Esiste oggi un «pericolo» di questo genere? Bisogna intendersi bene ed essere molto chiari. Se si parla di «terrorismo» si va del tutto fuori strada, soprattutto se la mente corre alle stragi, alla violenza che ferisce e uccide esseri umani. Negli ultimi decenni, l’unico caso di ferimento rivendicato da qualche esponente anarchico è quello dell’ingegner Adinolfi, per il quale proprio Cospito è stato condannato. Pur considerando tutte le diverse manifestazioni riconducibili a quel mondo plurale e pluralistico che definiamo anarchico, non risultano altri casi.

Questo non significa che gli anarchici non sfidino l’ordine stabilito, contestando coi loro mezzi le politiche criminali sui migranti, lottando contro le povertà crescenti, facendo fronte comune con le vittime di quella nuova questione sociale che si affaccia con sempre maggiore drammaticità nelle nostre città.

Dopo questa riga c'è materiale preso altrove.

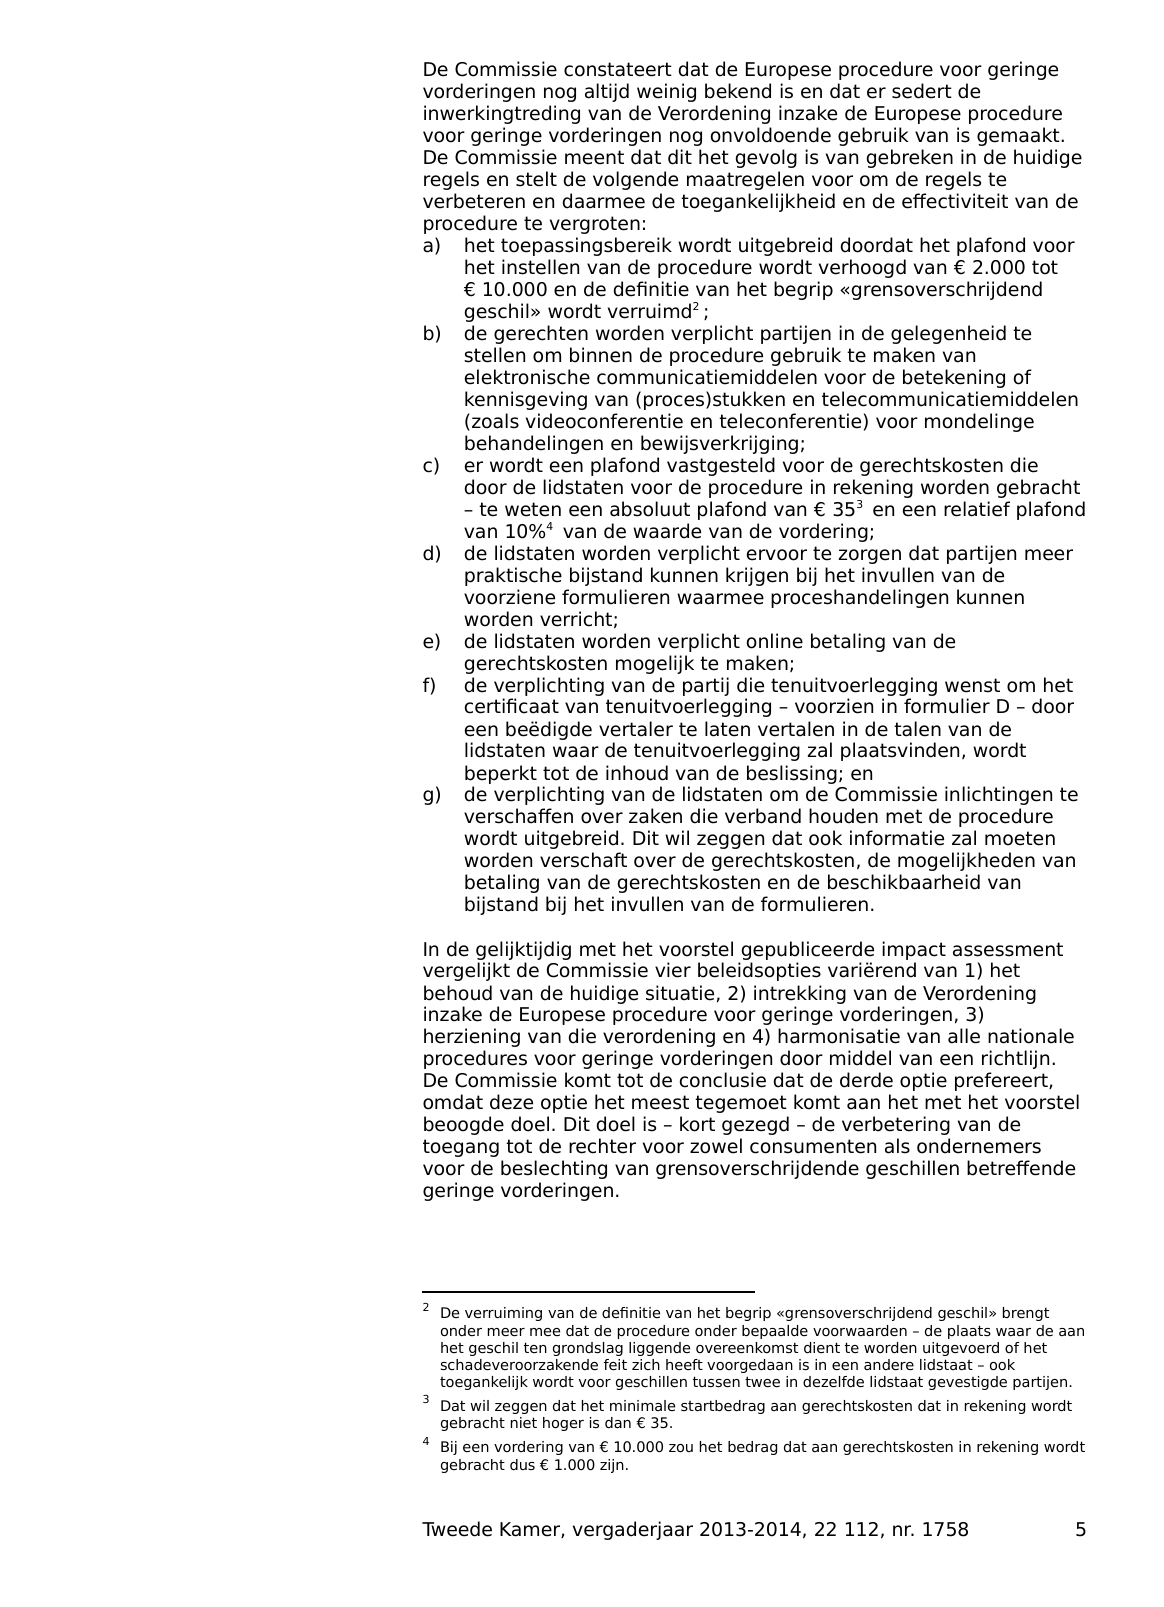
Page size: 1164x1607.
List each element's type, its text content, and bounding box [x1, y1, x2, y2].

text b) de gerechten worden verplicht partijen in de gelegenheid te stellen om binnen de procedure gebruik te maken van elektronische communicatiemiddelen voor de betekening of kennisgeving van (proces)stukken en telecommunicatiemiddelen (zoals videoconferentie en teleconferentie) voor mondelinge behandelingen en bewijsverkrijging; [422, 323, 1087, 455]
text a) het toepassingsbereik wordt uitgebreid doordat het plafond voor het instellen van de procedure wordt verhoogd van € 2.000 tot € 10.000 en de definitie van het begrip «grensoverschrijdend geschil» wordt verruimd; [422, 235, 1087, 323]
text e) de lidstaten worden verplicht online betaling van de gerechtskosten mogelijk te maken; [422, 631, 1087, 674]
text De Commissie constateert dat de Europese procedure voor geringe vorderingen nog altijd weinig bekend is en dat er sedert de inwerkingtreding van de Verordening inzake de Europese procedure voor geringe vorderingen nog onvoldoende gebruik van is gemaakt. De Commissie meent dat dit het gevolg is van gebreken in de huidige regels en stelt de volgende maatregelen voor om de regels te verbeteren en daarmee de toegankelijkheid en de effectiviteit van de procedure te vergroten: [422, 59, 1087, 235]
text Bij een vordering van € 10.000 zou het bedrag dat aan gerechtskosten in rekening wordt gebracht dus € 1.000 zijn. [422, 1435, 1087, 1474]
text c) er wordt een plafond vastgesteld voor de gerechtskosten die door de lidstaten voor de procedure in rekening worden gebracht – te weten een absoluut plafond van € 35 en een relatief plafond van 10% van de waarde van de vordering; [422, 455, 1087, 543]
text Dat wil zeggen dat het minimale startbedrag aan gerechtskosten dat in rekening wordt gebracht niet hoger is dan € 35. [422, 1393, 1087, 1432]
text f) de verplichting van de partij die tenuitvoerlegging wenst om het certificaat van tenuitvoerlegging – voorzien in formulier D – door een beëdigde vertaler te laten vertalen in de talen van de lidstaten waar de tenuitvoerlegging zal plaatsvinden, wordt beperkt tot de inhoud van de beslissing; en [422, 674, 1087, 784]
text d) de lidstaten worden verplicht ervoor te zorgen dat partijen meer praktische bijstand kunnen krijgen bij het invullen van de voorziene formulieren waarmee proceshandelingen kunnen worden verricht; [422, 543, 1087, 631]
text De verruiming van de definitie van het begrip «grensoverschrijdend geschil» brengt onder meer mee dat de procedure onder bepaalde voorwaarden – de plaats waar de aan het geschil ten grondslag liggende overeenkomst dient te worden uitgevoerd of het schadeveroorzakende feit zich heeft voorgedaan is in een andere lidstaat – ook toegankelijk wordt voor geschillen tussen twee in dezelfde lidstaat gevestigde partijen. [422, 1301, 1087, 1391]
text g) de verplichting van de lidstaten om de Commissie inlichtingen te verschaffen over zaken die verband houden met de procedure wordt uitgebreid. Dit wil zeggen dat ook informatie zal moeten worden verschaft over de gerechtskosten, de mogelijkheden van betaling van de gerechtskosten en de beschikbaarheid van bijstand bij het invullen van de formulieren. [422, 784, 1087, 916]
text In de gelijktijdig met het voorstel gepubliceerde impact assessment vergelijkt de Commissie vier beleidsopties variërend van 1) het behoud van de huidige situatie, 2) intrekking van de Verordening inzake de Europese procedure voor geringe vorderingen, 3) herziening van die verordening en 4) harmonisatie van alle nationale procedures voor geringe vorderingen door middel van een richtlijn. De Commissie komt tot de conclusie dat de derde optie prefereert, omdat deze optie het meest tegemoet komt aan het met het voorstel beoogde doel. Dit doel is – kort gezegd – de verbetering van de toegang tot de rechter voor zowel consumenten als ondernemers voor de beslechting van grensoverschrijdende geschillen betreffende geringe vorderingen. [422, 938, 1087, 1202]

Il pericolo in questo senso è allora un altro, e non sorprende che i governi, poco interessati a rispondere ai bisogni degli strati sociali su cui la crisi si abbatte con durezza estrema, temano l’estendersi della propaganda anarchica e la possibilità che si saldi ad altri movimenti che attraversano l’attuale situazione. Tuttavia, è di chi spera di esorcizzare questa paura lasciando morire Cospito, per poi magari avviare una repressione su vasta scala, che bisogna avere più timore oggi.

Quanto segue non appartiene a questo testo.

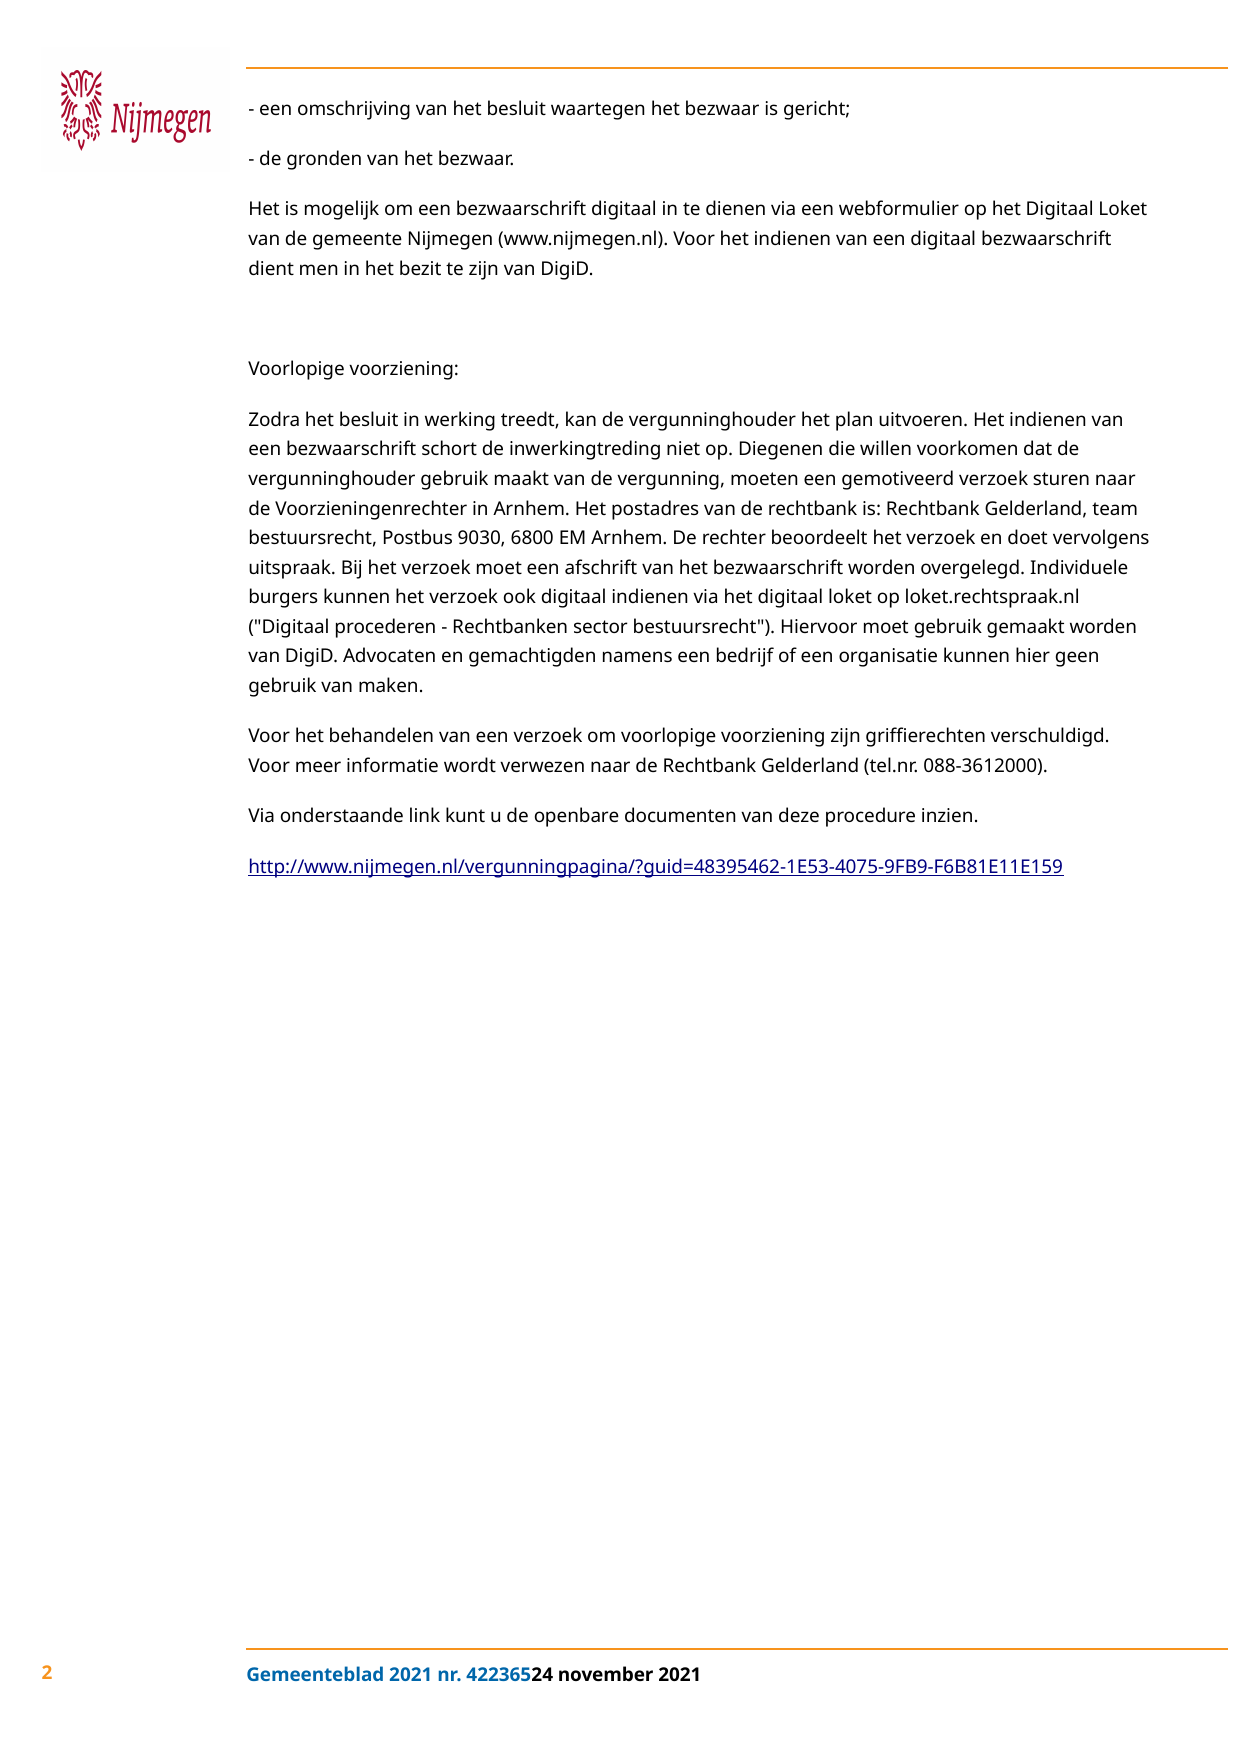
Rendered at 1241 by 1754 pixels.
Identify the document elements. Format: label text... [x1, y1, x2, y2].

text Voorlopige voorziening: [248, 356, 1152, 381]
text Het is mogelijk om een bezwaarschrift digitaal in te dienen via een webformulier op het Digitaal Loket van de gemeente Nijmegen (www.nijmegen.nl). Voor het indienen van een digitaal bezwaarschrift dient men in het bezit te zijn van DigiD. [248, 196, 1152, 281]
picture [41, 47, 231, 172]
text Voor het behandelen van een verzoek om voorlopige voorziening zijn griffierechten verschuldigd. Voor meer informatie wordt verwezen naar de Rechtbank Gelderland (tel.nr. 088-3612000). [248, 723, 1152, 778]
text Via onderstaande link kunt u de openbare documenten van deze procedure inzien. [248, 803, 1152, 828]
text - een omschrijving van het besluit waartegen het bezwaar is gericht; [248, 95, 1152, 121]
text Zodra het besluit in werking treedt, kan de vergunninghouder het plan uitvoeren. Het indienen van een bezwaarschrift schort de inwerkingtreding niet op. Diegenen die willen voorkomen dat de vergunninghouder gebruik maakt van de vergunning, moeten een gemotiveerd verzoek sturen naar de Voorzieningenrechter in Arnhem. Het postadres van de rechtbank is: Rechtbank Gelderland, team bestuursrecht, Postbus 9030, 6800 EM Arnhem. De rechter beoordeelt het verzoek en doet vervolgens uitspraak. Bij het verzoek moet een afschrift van het bezwaarschrift worden overgelegd. Individuele burgers kunnen het verzoek ook digitaal indienen via het digitaal loket op loket.rechtspraak.nl ("Digitaal procederen - Rechtbanken sector bestuursrecht"). Hiervoor moet gebruik gemaakt worden van DigiD. Advocaten en gemachtigden namens een bedrijf of een organisatie kunnen hier geen gebruik van maken. [248, 406, 1152, 698]
text http://www.nijmegen.nl/vergunningpagina/?guid=48395462-1E53-4075-9FB9-F6B81E11E159 [248, 853, 1152, 879]
text - de gronden van het bezwaar. [248, 145, 1152, 171]

Un’ultima annotazione, solo apparentemente marginale. Durante una recente trasmissione televisiva, l’eminente storico Salvatore Lupo, conosciuto in tutto il mondo per i suoi studi innovativi sulla criminalità organizzata, è stato indicato quale espressione di ambienti di «borghesia mafiosa». Se non fosse una drammatica forma di degrado del dibattito pubblico, come opportunamente denunciato dalla Società italiana degli storici contemporaneisti, sarebbe solo ridicolo. Eppure questo è il livello, anche quando si accostano gli anarchici a fantasiosi connubi con simili organizzazioni criminali. La cosa qui è egualmente infamante: le mafie hanno storicamente sostenuto le classi proprietarie, trovando spesso accomodamenti con il potere ufficiale; gli anarchici si sono mossi nel tempo in direzione del tutto opposta, e con le mafie non hanno mai cercato abboccamenti o accordi. Non tutti possono dire lo stesso.

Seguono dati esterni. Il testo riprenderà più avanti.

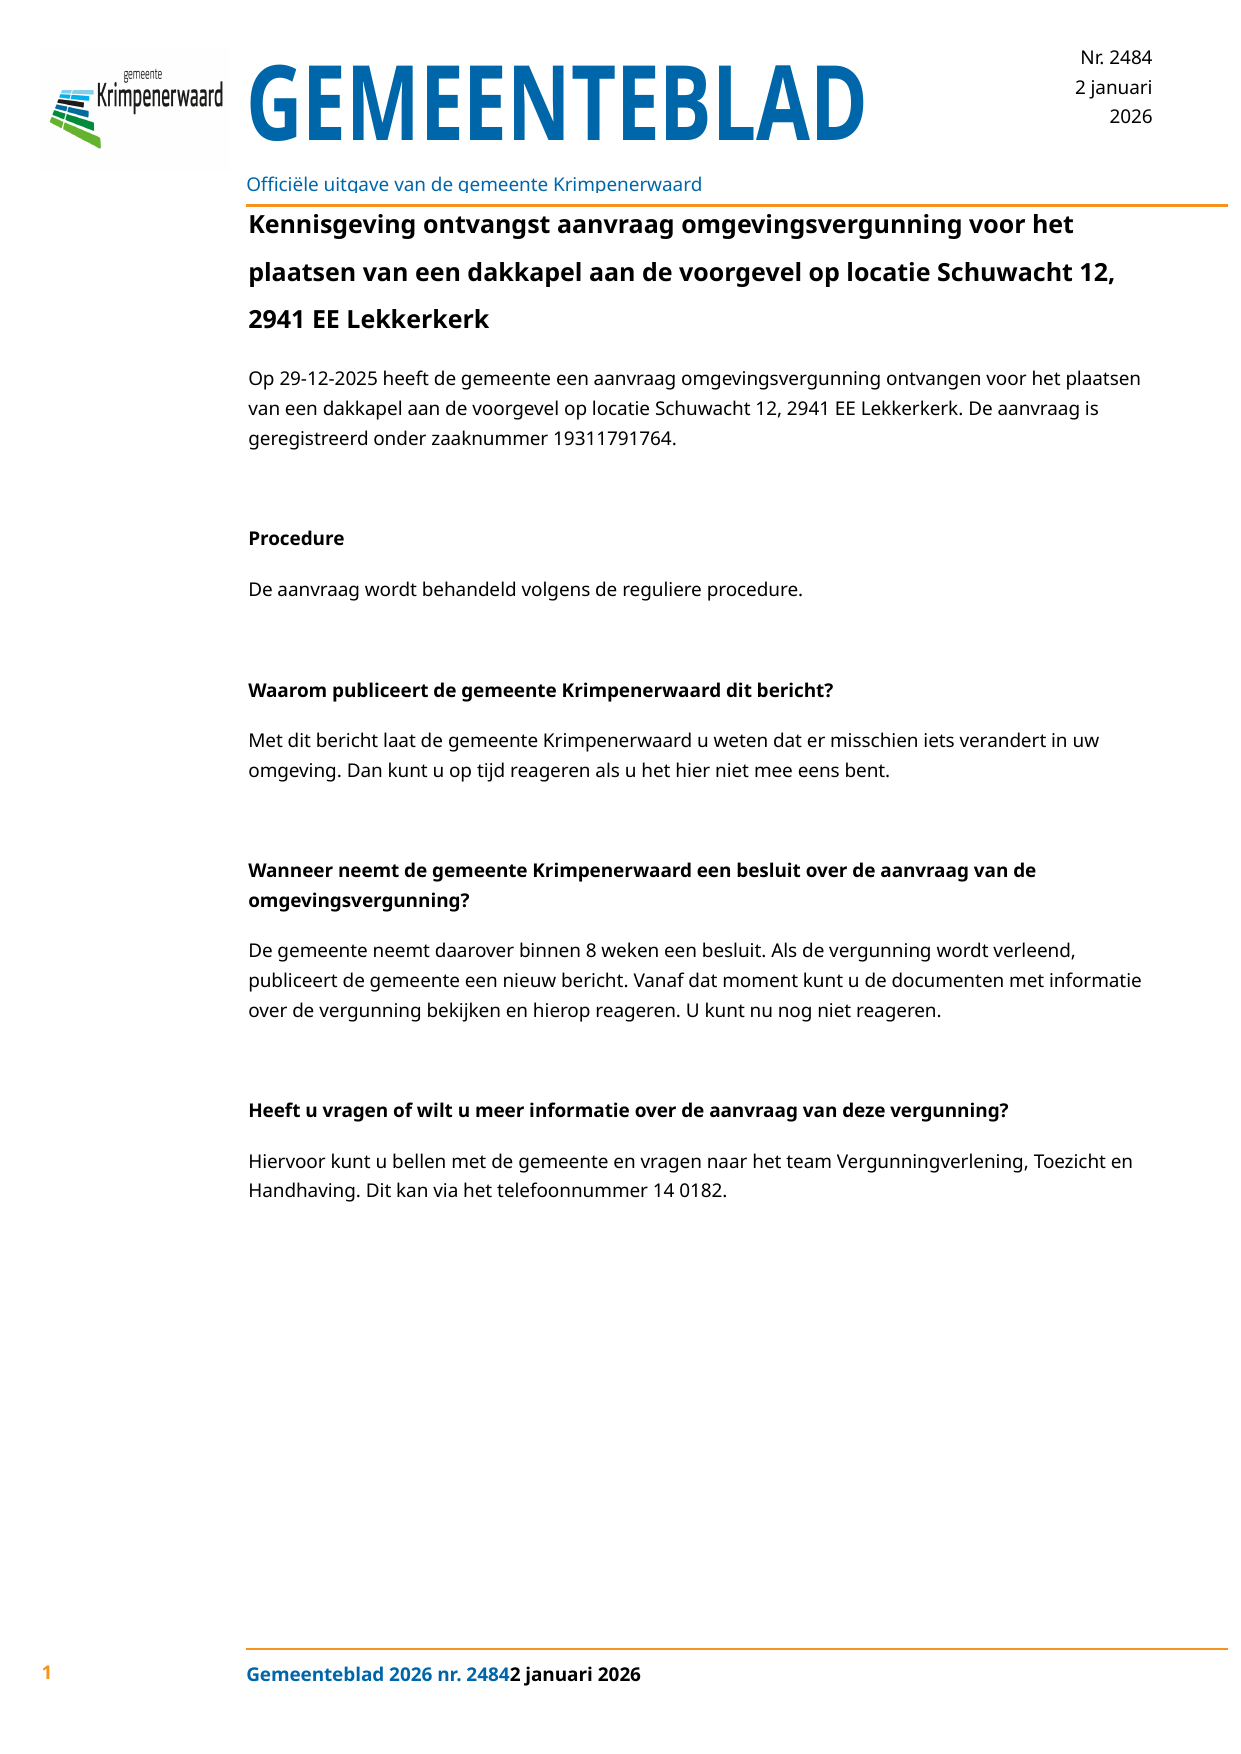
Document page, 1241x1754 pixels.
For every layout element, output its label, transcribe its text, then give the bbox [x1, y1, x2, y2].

text Waarom publiceert de gemeente Krimpenerwaard dit bericht? [248, 677, 1152, 702]
text De gemeente neemt daarover binnen 8 weken een besluit. Als de vergunning wordt verleend, publiceert de gemeente een nieuw bericht. Vanaf dat moment kunt u de documenten met informatie over de vergunning bekijken en hierop reageren. U kunt nu nog niet reageren. [248, 938, 1152, 1022]
picture [41, 47, 231, 172]
text Wanneer neemt de gemeente Krimpenerwaard een besluit over de aanvraag van de omgevingsvergunning? [248, 858, 1152, 913]
text Met dit bericht laat de gemeente Krimpenerwaard u weten dat er misschien iets verandert in uw omgeving. Dan kunt u op tijd reageren als u het hier niet mee eens bent. [248, 727, 1152, 782]
text Procedure [248, 526, 1152, 551]
text Op 29-12-2025 heeft de gemeente een aanvraag omgevingsvergunning ontvangen voor het plaatsen van een dakkapel aan de voorgevel op locatie Schuwacht 12, 2941 EE Lekkerkerk. De aanvraag is geregistreerd onder zaaknummer 19311791764. [248, 366, 1152, 450]
text De aanvraag wordt behandeld volgens de reguliere procedure. [248, 576, 1152, 602]
text Kennisgeving ontvangst aanvraag omgevingsvergunning voor het plaatsen van een dakkapel aan de voorgevel op locatie Schuwacht 12, 2941 EE Lekkerkerk [248, 207, 1152, 336]
text Heeft u vragen of wilt u meer informatie over de aanvraag van deze vergunning? [248, 1098, 1152, 1123]
text Hiervoor kunt u bellen met de gemeente en vragen naar het team Vergunningverlening, Toezicht en Handhaving. Dit kan via het telefoonnummer 14 0182. [248, 1148, 1152, 1203]

Poi, la riduzione del complesso dell’opposizione che non è ricompresa nella sfera istituzionale, così come del dissenso e della critica radicale della società, a un fatto di criminalità comune o peggio organizzata, è un sintomo di una crisi civile profonda, che difficilmente troverà soluzione in una classe dirigente che sul disprezzo verso le classi popolari, i loro bisogni, le loro istanze, ha troppo spesso cercato di puntellare la propria incerta coesione.